Migrant’s homecoming: Here’s why it is a logistical migraine


New Delhi, May 1 (IANS) Within days of Prime Minister Narendra Modi announcing a sudden countrywide 21-day lockdown to contain the spread of coronavirus in the country, Pushpa Devi along with her two daughters, one son and differently-abled husband started a walk from the national capital. They were part of a growing crowd.
They made their way back home to Aligarh after catching a bus from Anand Vihar terminus, but a significant lot continued to remain stranded in different states, often with very little to eat and almost no money to buy milk for their kids. However, as the Centre allowed them to return home and a multi agency, multi state effort has kicked in, this turns out to be India’s biggest logistical nightmare amid a pandemic that has shut India’s economy.

Buses versus Trains:

This Wednesday, after detailed deliberations, the Union Home Ministry brought a smile on the face of countless migrant workers like the ones who had hoped to travel to their respective states and gathered at Mumbai’s Bandra Terminus. It issued fresh guidelines for interstate movement to allow stranded migrant labourers, tourists and even students to return them home. Thus far, only movement of essential commodities were allowed among states. States must arrange for sanitized buses for transportation, it said.
But many states said it is not unfeasible to move such a large number of migrants through buses. They said, not only enormous numbers of buses will be required but it will take forever for them to reach back. Four instance, travel between Meghalaya and Rajasthan can take days, which are separated by 2,224 kms. Rajasthan CM Ashok Gehlot wrote to Modi questioning the feasibility of using buses for transport, while Bihar’s Deputy CM Sushil Modi asked for trains.
After running a test train this morning at 5 AM between Telangana and Jharkhand, the government has okayed special trains for bringing started irate labourers home.

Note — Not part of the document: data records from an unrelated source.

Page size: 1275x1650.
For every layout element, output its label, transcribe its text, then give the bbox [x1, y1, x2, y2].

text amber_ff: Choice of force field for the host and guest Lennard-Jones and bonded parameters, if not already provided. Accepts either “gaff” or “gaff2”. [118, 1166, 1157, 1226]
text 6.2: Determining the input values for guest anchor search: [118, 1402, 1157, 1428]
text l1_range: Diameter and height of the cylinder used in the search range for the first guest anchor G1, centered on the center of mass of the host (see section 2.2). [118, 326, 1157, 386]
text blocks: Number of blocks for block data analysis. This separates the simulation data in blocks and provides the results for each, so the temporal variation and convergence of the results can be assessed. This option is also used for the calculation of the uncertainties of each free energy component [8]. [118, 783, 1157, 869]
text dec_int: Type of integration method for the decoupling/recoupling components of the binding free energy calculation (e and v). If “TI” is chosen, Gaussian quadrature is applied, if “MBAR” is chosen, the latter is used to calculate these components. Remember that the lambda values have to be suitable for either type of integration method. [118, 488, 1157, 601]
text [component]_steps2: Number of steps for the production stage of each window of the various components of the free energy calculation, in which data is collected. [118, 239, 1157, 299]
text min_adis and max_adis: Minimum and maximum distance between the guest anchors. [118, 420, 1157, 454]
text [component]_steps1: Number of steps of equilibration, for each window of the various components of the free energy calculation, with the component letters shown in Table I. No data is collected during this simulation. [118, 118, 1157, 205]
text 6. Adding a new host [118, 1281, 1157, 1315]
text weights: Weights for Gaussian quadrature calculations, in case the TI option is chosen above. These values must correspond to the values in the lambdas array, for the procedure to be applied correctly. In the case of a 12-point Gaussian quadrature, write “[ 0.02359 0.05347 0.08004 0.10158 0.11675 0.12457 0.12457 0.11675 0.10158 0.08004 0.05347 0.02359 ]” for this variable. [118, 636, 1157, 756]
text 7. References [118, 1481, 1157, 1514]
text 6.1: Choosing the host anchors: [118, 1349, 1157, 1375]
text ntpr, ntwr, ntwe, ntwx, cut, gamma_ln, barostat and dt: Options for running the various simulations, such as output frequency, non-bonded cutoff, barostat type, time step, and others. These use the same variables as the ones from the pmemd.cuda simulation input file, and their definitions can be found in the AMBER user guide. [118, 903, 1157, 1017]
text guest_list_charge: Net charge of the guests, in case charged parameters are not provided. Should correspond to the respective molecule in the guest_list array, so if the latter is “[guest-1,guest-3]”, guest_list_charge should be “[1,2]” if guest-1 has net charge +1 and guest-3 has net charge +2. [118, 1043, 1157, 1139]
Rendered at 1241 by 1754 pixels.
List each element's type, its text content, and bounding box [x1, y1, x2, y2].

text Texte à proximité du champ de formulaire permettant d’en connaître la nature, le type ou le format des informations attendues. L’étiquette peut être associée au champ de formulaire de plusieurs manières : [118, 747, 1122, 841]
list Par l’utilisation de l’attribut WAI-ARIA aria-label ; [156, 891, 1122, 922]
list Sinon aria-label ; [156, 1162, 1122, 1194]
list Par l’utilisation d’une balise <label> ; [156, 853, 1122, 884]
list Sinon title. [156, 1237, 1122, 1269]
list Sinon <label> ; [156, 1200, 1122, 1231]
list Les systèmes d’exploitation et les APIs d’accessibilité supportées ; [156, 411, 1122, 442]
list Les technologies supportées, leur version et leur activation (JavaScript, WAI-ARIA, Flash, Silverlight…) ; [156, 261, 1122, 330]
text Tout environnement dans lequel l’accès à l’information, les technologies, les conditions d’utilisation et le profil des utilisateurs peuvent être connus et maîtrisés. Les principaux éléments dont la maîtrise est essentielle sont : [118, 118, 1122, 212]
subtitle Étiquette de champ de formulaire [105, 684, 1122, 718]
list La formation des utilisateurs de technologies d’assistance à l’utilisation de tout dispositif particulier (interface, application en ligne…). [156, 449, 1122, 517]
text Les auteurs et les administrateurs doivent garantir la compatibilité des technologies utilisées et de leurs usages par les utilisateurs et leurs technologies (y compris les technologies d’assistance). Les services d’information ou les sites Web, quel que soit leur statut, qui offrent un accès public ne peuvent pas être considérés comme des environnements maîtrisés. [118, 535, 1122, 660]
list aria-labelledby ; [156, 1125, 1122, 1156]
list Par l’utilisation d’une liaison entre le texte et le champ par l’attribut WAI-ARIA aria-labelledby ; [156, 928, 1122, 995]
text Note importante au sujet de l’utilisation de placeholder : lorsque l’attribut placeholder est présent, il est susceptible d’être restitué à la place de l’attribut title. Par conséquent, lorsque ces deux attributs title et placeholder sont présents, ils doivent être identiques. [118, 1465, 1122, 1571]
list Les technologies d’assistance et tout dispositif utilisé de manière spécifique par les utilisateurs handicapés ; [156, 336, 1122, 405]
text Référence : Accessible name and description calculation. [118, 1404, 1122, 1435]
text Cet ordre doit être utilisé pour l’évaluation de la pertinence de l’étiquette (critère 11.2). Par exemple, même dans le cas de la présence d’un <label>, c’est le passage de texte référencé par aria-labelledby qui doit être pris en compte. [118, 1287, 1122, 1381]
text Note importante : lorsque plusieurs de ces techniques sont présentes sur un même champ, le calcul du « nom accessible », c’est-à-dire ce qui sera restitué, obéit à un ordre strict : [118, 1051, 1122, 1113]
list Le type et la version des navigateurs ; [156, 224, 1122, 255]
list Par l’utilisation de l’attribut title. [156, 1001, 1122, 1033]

While the Railway Ministry has been entrusted to work out a plan, it needs appointing nodal officers, ascertaining genuine applicants, ensuring social distancing while getting the job done of ferrying hundreds and thousands of laborers from across India.

States already on the go:

The Uttar Pradesh government has said that it has arranged for 1,000 buses to ferry the migrants back home. Buses were scrambled for Kanpur, Ballia, Varanasi, Gorakhpur, Azamgarh, Faizabad, Basti, Pratapgarh, Sultanpur, Amethi, Rae Bareli, Gonda, Etawah, Bahraich and Shravasti.
Around 1,200 migrants left for Jharkhand on a special train inside which 54 passengers were allowed in each bogeys instead of 72.
Meanwhile, Kerala minister VS Sunil Kumar said that another special train is scheduled to depart Kerala’s Ernakulam this evening for Odisha’s capital city Bhubaneswar. Over 1,000 people are traveling in that train.
Meanwhile, the first bus carrying 30 students, who were stranded due to the nationwide lockdown in Rajasthan’s Kota, arrived in West Bengal on Friday morning, the police said. “We are really happy to be back after so many days of lockdown. We were in real trouble there. We must thank our state government for taking such an initiative,” said Rajiunnisa, a student from Murshidabad, who got stuck in Kota due to the shutdown, while speaking to IANS.

Matter doesn’t end with homecoming

This will not be an easy task, to say the least. First of all the railway ministry needs to determine the number of trains that need to be run and on what route. Each train needs to be run under capacity to ensure social distancing. Screening before travel as was proposed for travel through buses will also be a herculean task.
Once the passengers reach, it remains to be seen whether they are quarantined for 14 days by the state governments and if they do, whether it will be in a government facility.
The challenge will be all the more severe for states like Jharkhand, Bihar and Uttar Pradesh that send the maximum number of migrants. For instance, a day before Modi had announced the lockdown, around 40,000 migrant workers had reached Bihar. To ensure the state does not face a COVID-19 outbreak, the Bihar Government had put them in a special facility at borders and let them go home only after due screening. Screening 40,000 workers takes time and hence the state had to arrange for their stay and food while arranging social distancing within that facility. Needless to say it costs crores of rupees too.
Once the new tranches of migrant workers reach these three states, it will be a logistical nightmare where they need to be screened, kept away from each other, fed and provided medical assistance when needed.
It also means, appointing nodal people down to the level of village panchayats who will ensure the migrants who return stay in quarantine and keep a watch whether they develop any symptoms.
BJP MP Vinay Sahasrabuddhe says, ” The government is mindful of the robustness of the exercise. But it is also mindful of the fact that migrant laborers were to go home. That’s why the Centre is taking the states along. It is indicative of its empathy towards the migrant laborers.”